Let us build the tables:
# fatalities/injuries by tornado
d3 <- d[c("date","evtype","fatal","injur")]
d3 <- d3[d3$evtype=="TORNADO",]
# property damage by flood
d4 <- d[c("date","evtype","propdmg","propdmgexp")]
d4$propdmg[d4$propdmgexp=="K"] <- d4$propdmg[d4$propdmgexp=="K"] * 1E3
d4$propdmg[d4$propdmgexp=="M"] <- d4$propdmg[d4$propdmgexp=="M"] * 1E6
d4$propdmg[d4$propdmgexp=="B"] <- d4$propdmg[d4$propdmgexp=="B"] * 1E9
d4 <- d4[d4$evtype=="FLOOD",]
# crop damage by drought
d5 <- d[c("date","evtype","cropdmg","cropdmgexp")]

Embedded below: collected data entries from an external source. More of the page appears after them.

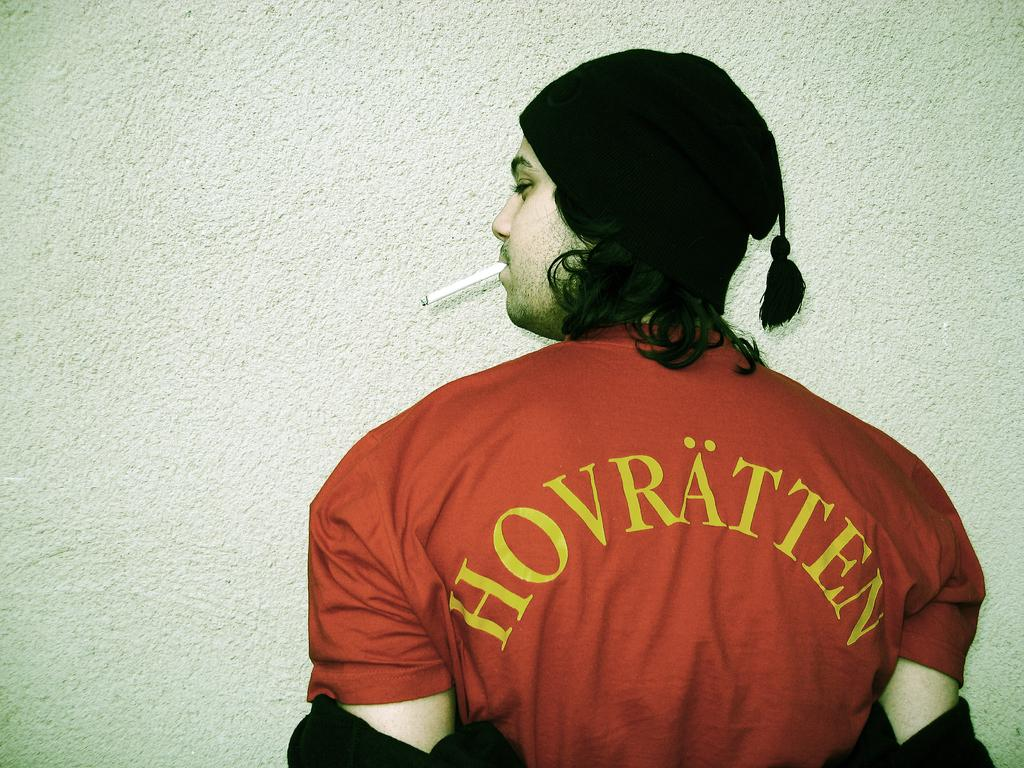Provide a one-sentence caption for the provided image. A man standing with his back to the camera and a shirt reading hovratten. 
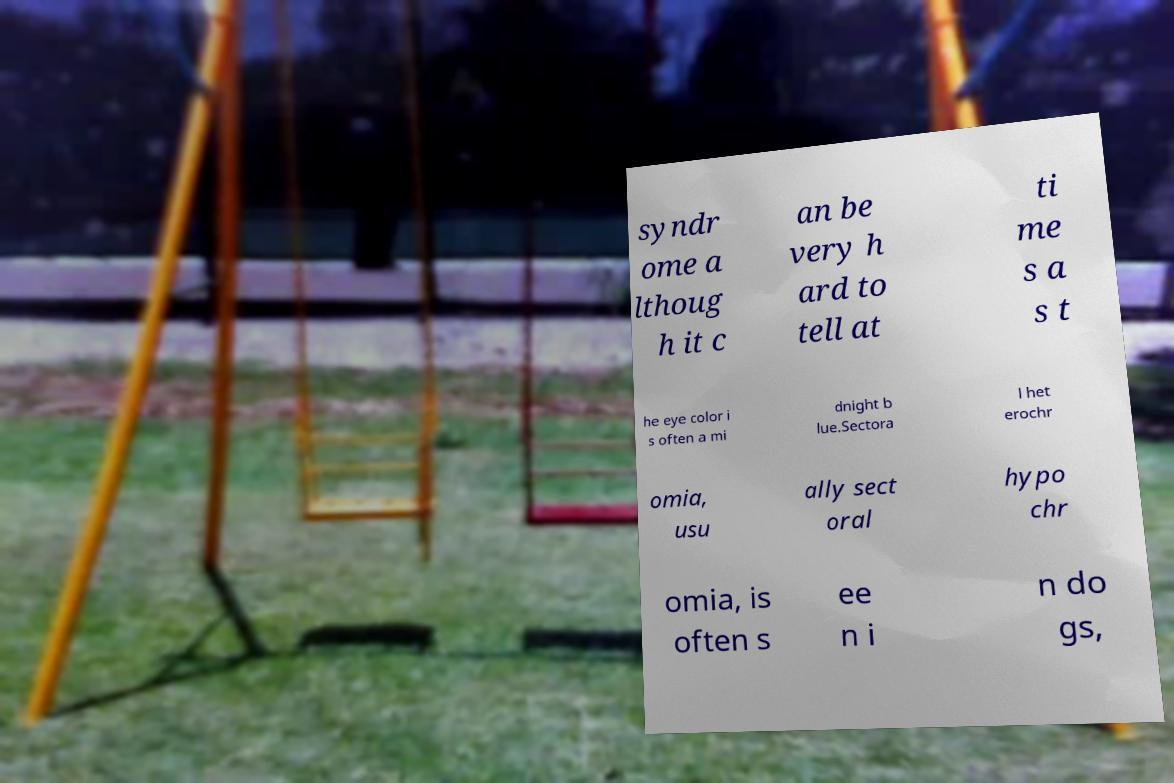I need the written content from this picture converted into text. Can you do that? syndr ome a lthoug h it c an be very h ard to tell at ti me s a s t he eye color i s often a mi dnight b lue.Sectora l het erochr omia, usu ally sect oral hypo chr omia, is often s ee n i n do gs, 
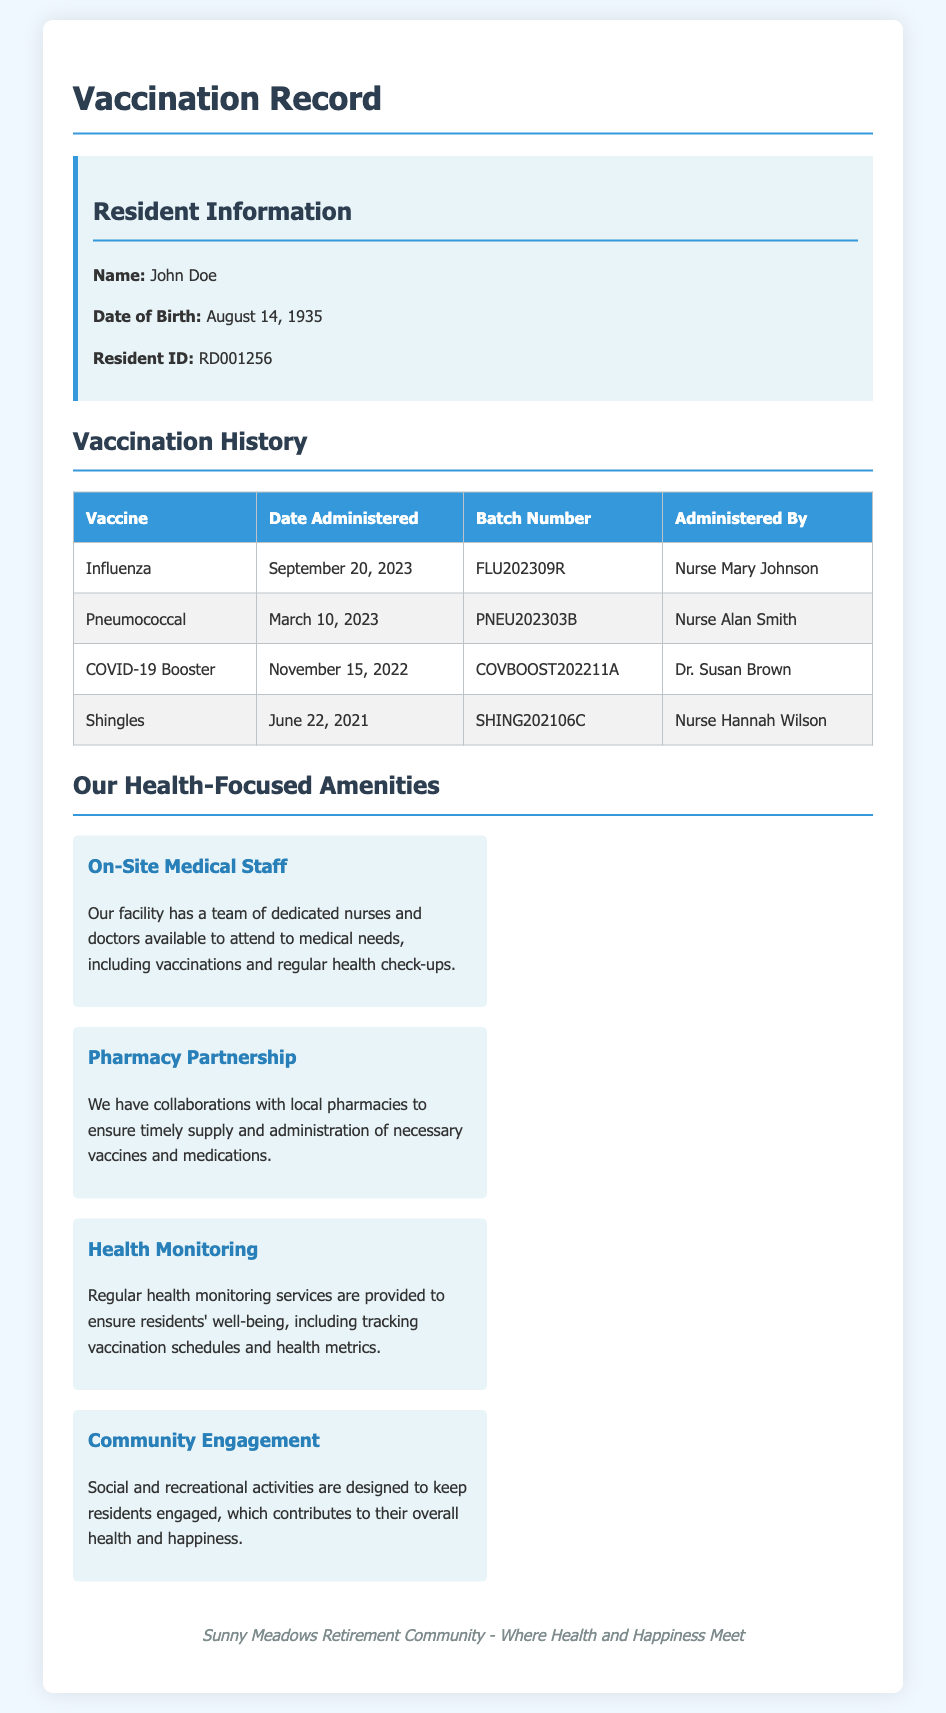What is the name of the resident? The name of the resident is listed at the top of the resident information section in the document.
Answer: John Doe When was the influenza vaccine administered? The date for the influenza vaccine is specified in the vaccination history table.
Answer: September 20, 2023 Who administered the pneumococcal vaccine? The document includes the name of the personnel who administered each vaccine in the vaccination history table.
Answer: Nurse Alan Smith What is the batch number for the COVID-19 booster? The batch number is indicated in the vaccination history table corresponding to the COVID-19 booster shot.
Answer: COVBOOST202211A How many different vaccines are listed in the record? The document provides a count of the unique vaccines in the vaccination history section.
Answer: Four What role does Nurse Mary Johnson hold? The document indicates her as the person who administered the influenza vaccine.
Answer: Nurse Which amenity focuses on health monitoring? The health-related amenities section describes different features, one of which emphasizes health monitoring services.
Answer: Health Monitoring What is the date of the shingles vaccine administration? The date for the shingles vaccine is detailed in the vaccination history table.
Answer: June 22, 2021 Which medical personnel collaborated for the vaccinations? The document mentions specific medical staff responsible for the vaccinations administered to residents.
Answer: Nurse and Doctor 
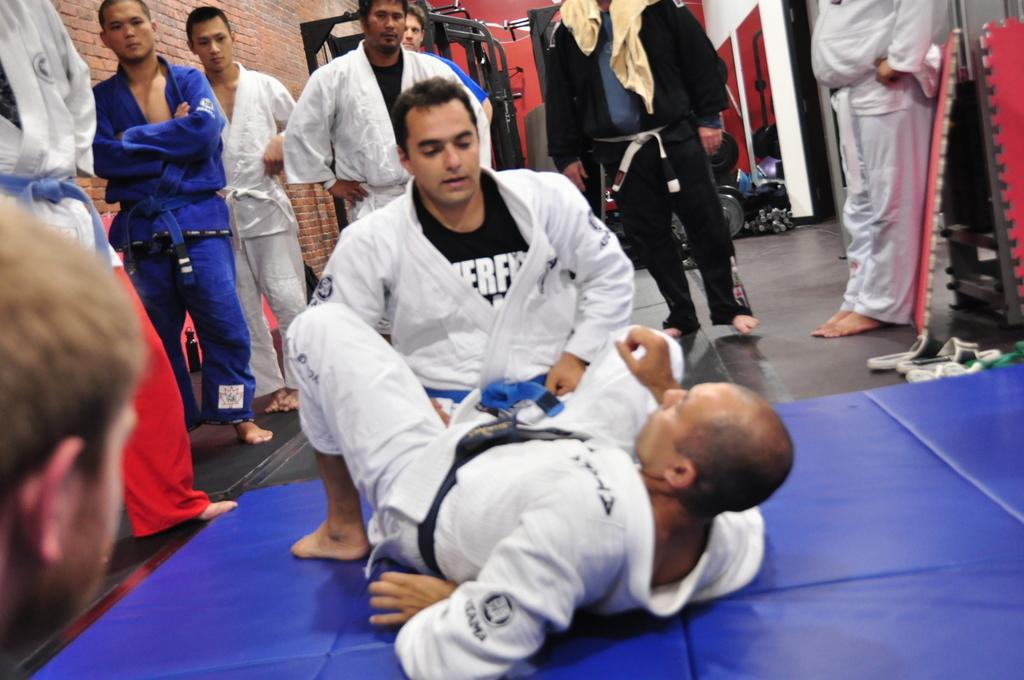What are the two men in the image doing? The two men are performing karate. Are there any other people present in the image? Yes, a group of people are standing nearby. What are the people wearing? The people are wearing karate costumes. What can be seen in the background of the image? There is some equipment visible in the background. What is the value of the zephyr in the image? There is no zephyr present in the image, so it is not possible to determine its value.

d5$cropdmg[d5$cropdmgexp=="K"] <- d5$cropdmg[d5$cropdmgexp=="K"] * 1E3
d5$cropdmg[d5$cropdmgexp=="M"] <- d5$cropdmg[d5$cropdmgexp=="M"] * 1E6
d5$cropdmg[d5$cropdmgexp=="B"] <- d5$cropdmg[d5$cropdmgexp=="B"] * 1E9
d5 <- d5[d5$evtype=="DROUGHT",]
And we get the corresponding plots combined together:
require(gridExtra)
p5 <- ggplot() + geom_point(data=d3, aes(x=date, y=log(1+fatal)), color="red", alpha=0.5) + geom_point(data=d3, aes(x=date, y=log(1+injur)), color="blue", alpha=0.1) + ylab("log(1+Y)") + ggtitle("Fatalities (red) & Injuries (blue) from Tornados over time")
p6 <- ggplot() + geom_point(data=d4, aes(x=date, y=log(1+propdmg)), color="green", alpha=0.1) + geom_point(data=d5, aes(x=date, y=log(1+cropdmg)), color="orange", alpha=0.5) + ylab("log(1+Y)") + ggtitle("Floods Property-damages (green) & Drought Crop-damages (orange) \nover time")
grid.arrange(p5,p6,nrow=2)
We cannot really see a clear increase in fatalities/injuries or damages here. This may be due to bias in the measurements or just better prevention that compensate for the losses. One large limitation here is that we are focusing our study to the most impactful storm event for each category of casualty or damage, while we should consider them all together. Since the assigment constraints required no more than 3 plots, we will let that goal for a potential later study.
We have considered storm events data from the U.S. National Oceanic and Atmospheric Administration (NOAA) database. We have shown that the events that caused the highest number of fatalities was tornados, followed by excessive heat and flash floods. As for injuries, it is also tornados coming first, but follwed by thunderstorm winds and floods. We then showed that floods, followed by hurricanes and tornados cause the most damages to property. On the other hand, it is droughts followed by floods and river floods which cause most damages to crops. As an extra study, we have plotted these fatalities/injuries and damages against time for the dominant storm event, but the results where not so conclusive on a time-dependent evolution, and as such require more investigation.